Judgment in Cases of Impeachment shall not extend further than to removal from Office, and disqualification to hold and enjoy any Office of honor, Trust or Profit under the United States: but the Party convicted shall nevertheless be liable and subject to Indictment, Trial, Judgment and Punishment, according to Law.

I'd read that as allowing subsequent prosecution, but not somehow removing absolute immunity from actions taken while still the President. If not, you could plausibly impeach and try every president immediately after they leave office, or whenever an opposing party gets a majority in the Senate, for crimes even intended to be obviated by the president's official powers. In which case, why grant immunity at all?

what's stopping the next president from ordering the DOJ to prosecute and investigate?

Nothing, they just can't build a case if it depends on evidence precluded by simple absolute immunity.

What's stopping Congress from issuing a subpoena and hauling the last guy in?

The aforementioned simple absolute immunity.

What's stopping a federal prosecutor from opening a case and bringing charges?

Aside from bribery cases being guaranteed to fail in the absence of evidence of mental state, nothing.

For bribery specifically, you must prove the President's mental state of knowingly taking a bribe. The majority ruling explicitly forbids the courts from considering the President's mental state when determining if actions taken under the powers granted by the constitution are improper.
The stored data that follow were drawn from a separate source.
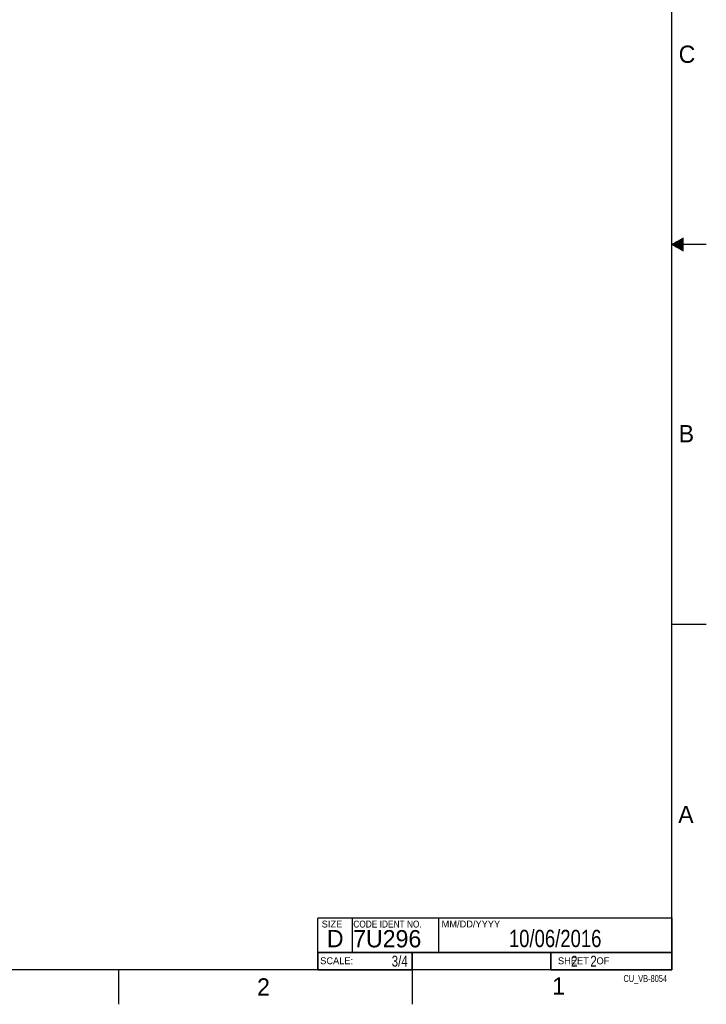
# Model space of a CAD drawing. Header units: inches. Extents: x 0 to 34, y 0 to 22.
# Tile 17 of 18: x 24.1 to 34, y 0 to 14.3. Entities that reach past the tile are written whole.
import ezdxf

# ---------------------------------------------------------------- set-up
doc = ezdxf.new("R2010")
doc.units = ezdxf.units.IN
doc.header["$LTSCALE"] = 1.87
doc.header["$MEASUREMENT"] = 0
doc.layers.get('0').update_dxf_attribs({"linetype": 'CONTINUOUS'})
doc.layers.add('DETAIL', color=7, linetype='CONTINUOUS')
doc.layers.add('NOTE', color=7, linetype='CONTINUOUS')
doc.styles.get("Standard").update_dxf_attribs({"font": 'txt', "width": 0.8})
doc.styles.add('TEXTSTYLE_2', font='txt')
doc.styles.add('TEXTSTYLE_3', font='txt', dxfattribs={"width": 0.9})

msp = doc.modelspace()

# ---------------------------------------------------------------- linework, layer by layer
at = {"color": 2, "linetype": 'CONTINUOUS'}
for p, q in [((34.00002, 11), (33.50002, 11)), ((33.51734, 11.01), (33.66974, 11.01)), ((33.51734, 10.99), (33.66974, 10.99)), ((33.53466, 11.02), (33.66974, 11.02)), ((33.53466, 10.98), (33.66974, 10.98)), ((33.55198, 11.03), (33.66974, 11.03)), ((33.5693, 11.04), (33.66974, 11.04)), ((33.58662, 11.05), (33.66974, 11.05)), ((33.60394, 11.06), (33.66974, 11.06)), ((33.62126, 11.07), (33.66974, 11.07)), ((33.63858, 11.08), (33.66974, 11.08)), ((33.65591, 11.09), (33.66974, 11.09)), ((33.55198, 10.97), (33.66974, 10.97)), ((33.5693, 10.96), (33.66974, 10.96)), ((33.58662, 10.95), (33.66974, 10.95)), ((33.60394, 10.94), (33.66974, 10.94)), ((33.62126, 10.93), (33.66974, 10.93)), ((33.63858, 10.92), (33.66974, 10.92)), ((33.65591, 10.91), (33.66974, 10.91)), ((33.50002, 5.5), (34.00002, 5.5)), ((30.1294, 1.24994), (33.4994, 1.24994)), ((30.1294, 1.24994), (30.1294, 0.74994)), ((33.4994, 1.24994), (33.4994, 0.74994)), ((28.37981, 0.74931), (29.74481, 0.74931)), ((28.37981, 0.74931), (28.37981, 0.49931)), ((29.74481, 0.74931), (29.74481, 0.49931)), ((30.1294, 0.74994), (33.4994, 0.74994)), ((31.74935, 0.74964), (33.49935, 0.74964)), ((31.74935, 0.74964), (31.74935, 0.49964)), ((33.49935, 0.74964), (33.49935, 0.49964)), ((25.50002, 0.5), (25.50002, 0)), ((28.37981, 0.49931), (29.74481, 0.49931)), ((29.75002, 0), (29.75002, 0.5)), ((31.74935, 0.49964), (33.49935, 0.49964)), ((32.49477, 0.50132), (33.49477, 0.50132)), ((32.49477, 0.50132), (32.49477, 0.50082)), ((32.49477, 0.50082), (33.49477, 0.50082)), ((33.49477, 0.50132), (33.49477, 0.50082))]:
    msp.add_line(p, q, dxfattribs=at)
at = {"color": 7, "linetype": 'CONTINUOUS', "const_width": 0.02}
for points in [[(33.50002, 0.5), (33.50002, 21.5)], [(28.38002, 1.25), (33.50002, 1.25)], [(28.38002, 1.25), (28.38002, 0.5)], [(0.50002, 0.5), (33.50002, 0.5)]]:
    msp.add_lwpolyline(points, dxfattribs=at)
at = {"color": 2, "linetype": 'CONTINUOUS', "const_width": 0.02}
for points in [[(28.88002, 0.75), (28.88002, 1.25)], [(30.13002, 0.75), (30.13002, 1.25)], [(28.38002, 0.75), (33.50002, 0.75)], [(29.74595, 0.75), (29.74595, 0.5)], [(31.75002, 0.75), (31.75002, 0.5)]]:
    msp.add_lwpolyline(points, dxfattribs=at)

# ---------------------------------------------------------------- texts
at = {"color": 2, "linetype": 'CONTINUOUS', "attachment_point": 1, "line_spacing_factor": 0.9}
for s, insert, char_height, width, style in [('C', (33.6004, 13.87673), 0.25, 0.25, 'TEXTSTYLE_2'), ('B', (33.6006, 8.38454), 0.25, 0.25, 'TEXTSTYLE_2'), ('A', (33.5939, 2.87275), 0.25, 0.25, 'TEXTSTYLE_2'), ('SIZE', (28.43795, 1.21181), 0.1, 0.4, 'TEXTSTYLE_2'), ('CODE IDENT NO.', (28.89492, 1.21148), 0.1, 1.26, 'TEXTSTYLE_3'), ('MM/DD/YYYY', (30.17212, 1.21211), 0.1, 1, 'TEXTSTYLE_2'), ('SCALE:', (28.41638, 0.68064), 0.1, 0.6, 'TEXTSTYLE_2'), ('SHEET   OF', (31.85492, 0.67951), 0.1, 1, 'TEXTSTYLE_2'), ('2', (27.50353, 0.37628), 0.25, 0.25, 'TEXTSTYLE_2'), ('1', (31.77062, 0.38897), 0.25, 0.25, 'TEXTSTYLE_2')]:
    msp.add_mtext(s, dxfattribs=dict(at, insert=insert, char_height=char_height, width=width, style=style))
at = {"color": 7, "linetype": 'CONTINUOUS', "char_height": 0.25, "attachment_point": 1, "line_spacing_factor": 0.9, "style": 'TEXTSTYLE_2'}
for s, insert, width in [('D  ', (28.51282, 1.07639), 0.75), ('7U296', (28.89285, 1.07447), 1.25)]:
    msp.add_mtext(s, dxfattribs=dict(at, insert=insert, width=width))
at = {"layer": 'DETAIL', "color": 7, "linetype": 'CONTINUOUS', "char_height": 0.15625, "line_spacing_factor": 0.9}
for s, insert, width, attachment_point in [('3/4', (29.68231, 0.70244), 0.375, 3), ('     2    2', (31.81185, 0.70276), 1.375, 1)]:
    msp.add_mtext(s, dxfattribs=dict(at, insert=insert, width=width, attachment_point=attachment_point))
at = {"layer": 'DETAIL', "color": 2, "linetype": 'CONTINUOUS', "insert": (33.43227, 0.42319), "char_height": 0.1, "width": 0.8, "attachment_point": 3, "line_spacing_factor": 0.9}
msp.add_mtext('CU_VB-8054', dxfattribs=at)
at = {"layer": 'NOTE', "color": 7, "linetype": 'CONTINUOUS', "insert": (31.8144, 1.07807), "char_height": 0.25, "width": 2, "attachment_point": 2, "line_spacing_factor": 0.9}
msp.add_mtext('10/06/2016', dxfattribs=at)

doc.saveas('drawing.dxf')

And the president talking to his executive officers is explicitly a power granted by the constitution. So if the President says he wasn't taking a bribe, he was just talking with his officers... End of story, this crime cannot be prosecuted because evidence to the contrary is subject to absolute immunity, and is required for conviction.

What good does it do to prosecute a case if, by definition, you are guaranteed to fail?